It is against such men that society has to protect its good members, and how effectively does it do so? Does it furnish an adequate juridic defense? Does it keep vigilant watch over the non-legal and social safeguards? As regards the legal machinery it is pertinent to notice what Major Griffiths says, in the book already cited, which has the advantage of being the result of an actual and long warfare against the criminal classes. "No doubt," he writes, "the British police are greatly handicapped by the law's limitations which in England act always in protecting the accused." which is equally true of our country. It is a matter of common knowledge that our legal procedure allows a very large number of guilty men to escape; indeed, carefully considered statistics show that forty to seventy-five per cent of crimes go unpunished. (3) Yet, as Lord Coke expressed it some three hundred years ago, "impunity always invites to greater crimes." What can be more obvious than that to free a guilty man is to convince him that he can repeat his crime and not be punished, or, in other words, to put a premium on well-planned and skillfully managed crimes.

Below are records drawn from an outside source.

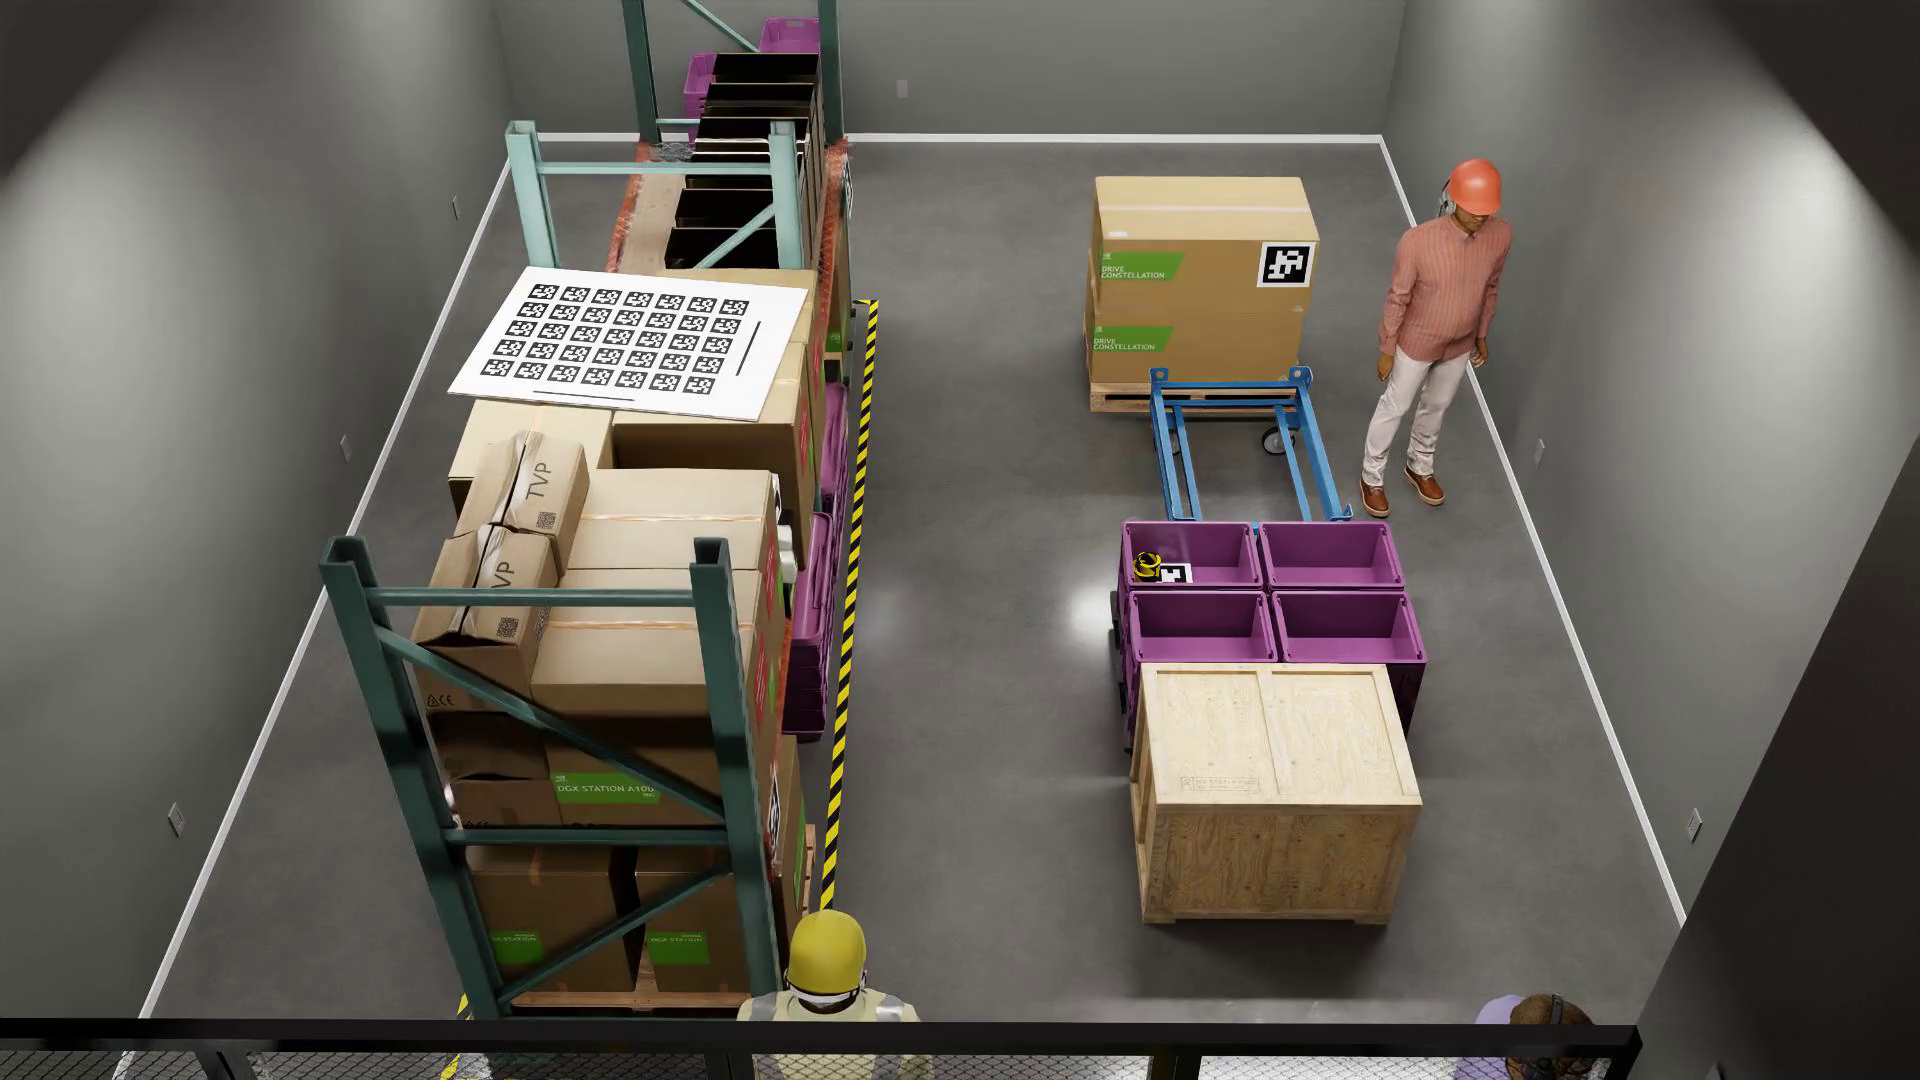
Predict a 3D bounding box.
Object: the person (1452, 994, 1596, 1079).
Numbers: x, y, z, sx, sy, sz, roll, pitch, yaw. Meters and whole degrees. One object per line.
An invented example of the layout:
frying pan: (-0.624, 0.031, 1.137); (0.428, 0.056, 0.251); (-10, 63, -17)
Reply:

A defensive legal system which works such results obviously has something wrong about it, and as a preventive to crime it is even more objectionable. We have seen that it is the product of conditions which have greatly changed in our day; that it was justifiable and necessary under social and political circumstances, very different and more fraught with danger to individual liberty than exist now. Its continuance in the face of its inadequacy is an anachronism and a prolific source of danger; it is social tenderness misplaced and conservatism gone into stagnation. I am well aware of and a firm believer in the principle that the bulwarks of civil liberty must not be tampered with, but we must find a way of defending them at a less onerous price than that of letting so many malefactors escape under the cover of law; for, surely, no one will maintain that our forefathers ever intended that the Bill of Rights should be a shield for evildoers!

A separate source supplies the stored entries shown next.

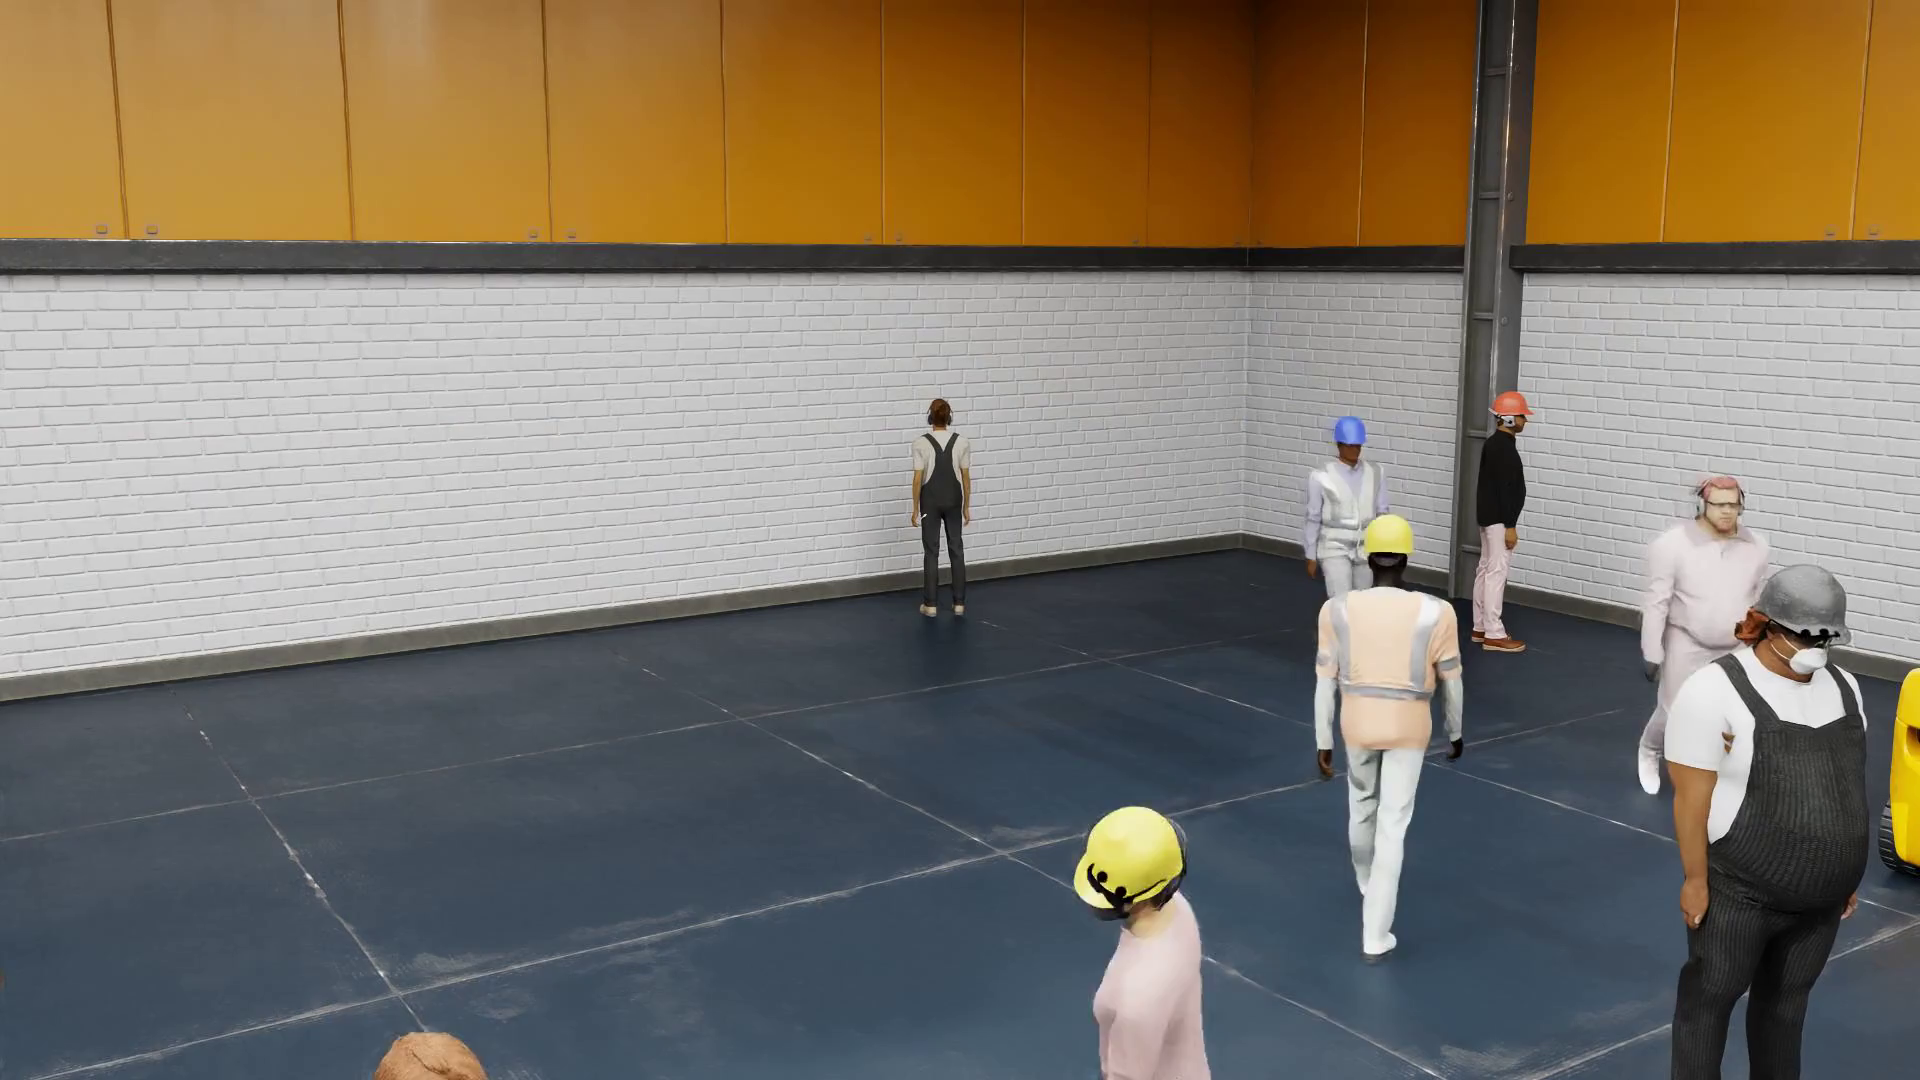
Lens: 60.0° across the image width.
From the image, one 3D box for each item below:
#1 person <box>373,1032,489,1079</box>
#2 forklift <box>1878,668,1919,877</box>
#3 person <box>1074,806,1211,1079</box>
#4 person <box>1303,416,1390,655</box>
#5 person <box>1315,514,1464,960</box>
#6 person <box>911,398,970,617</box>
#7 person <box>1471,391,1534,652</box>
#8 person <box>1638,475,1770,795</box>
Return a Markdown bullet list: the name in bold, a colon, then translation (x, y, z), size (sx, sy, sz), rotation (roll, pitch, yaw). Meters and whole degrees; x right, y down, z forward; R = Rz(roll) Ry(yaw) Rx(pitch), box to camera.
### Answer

Difficult as the problem of reconciling and combining such opposing elements must be, it is a problem whose solution is becoming more and more imperative and which must enlist the interest and learning not only of the jurist but of the man of science as well. (4)

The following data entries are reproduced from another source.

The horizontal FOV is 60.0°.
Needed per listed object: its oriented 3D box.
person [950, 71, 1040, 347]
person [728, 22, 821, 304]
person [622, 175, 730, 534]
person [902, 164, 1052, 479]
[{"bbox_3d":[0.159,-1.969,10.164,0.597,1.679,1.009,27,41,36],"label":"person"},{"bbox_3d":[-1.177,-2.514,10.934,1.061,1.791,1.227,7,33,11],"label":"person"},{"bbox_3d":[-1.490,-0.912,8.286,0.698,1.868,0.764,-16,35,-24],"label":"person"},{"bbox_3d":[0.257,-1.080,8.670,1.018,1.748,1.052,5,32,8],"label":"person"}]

(3.) See my **The Coefficients of Impunity," in The American Law Register, Vol. 39, N. S. No. 11.

I stated at the beginning that the State should strive, in conformity with the teachings and experience of penologic and criminologic science, to prevent crime. We have seen in brief outline how, through its antiquated legal machinery, it falls short of such preventive aim because it allows the criminal too many chances of escape. It is patent, however, that no legislative or constitutional change tending to improve the system will be possible without first modifying popular sentiment regarding criminals and showing the evil of an unreasonable social tenderness towards them. There is no doubt that if the law does not aim at prevention it is because society, in its ideas, customs and tendencies, fails to see its importance and necessity. But show that crime is as contagious and as far-reaching in its evil consequences as the most virulent of diseases, that for the public security as for the public health it is necessary to err on the side of severity, and public sentiment will surely appreciate the advisability of changing both its beliefs and the laws which declare them. This can best be accomplished by pushing the work of "conversion" along the lines of least resistance; that is, by concentrating public attention on, and enlisting a greater public interest for, those topics in the criminal field which either are most susceptible of popular demonstration or against which there is already a well-defined popular dissatisfaction.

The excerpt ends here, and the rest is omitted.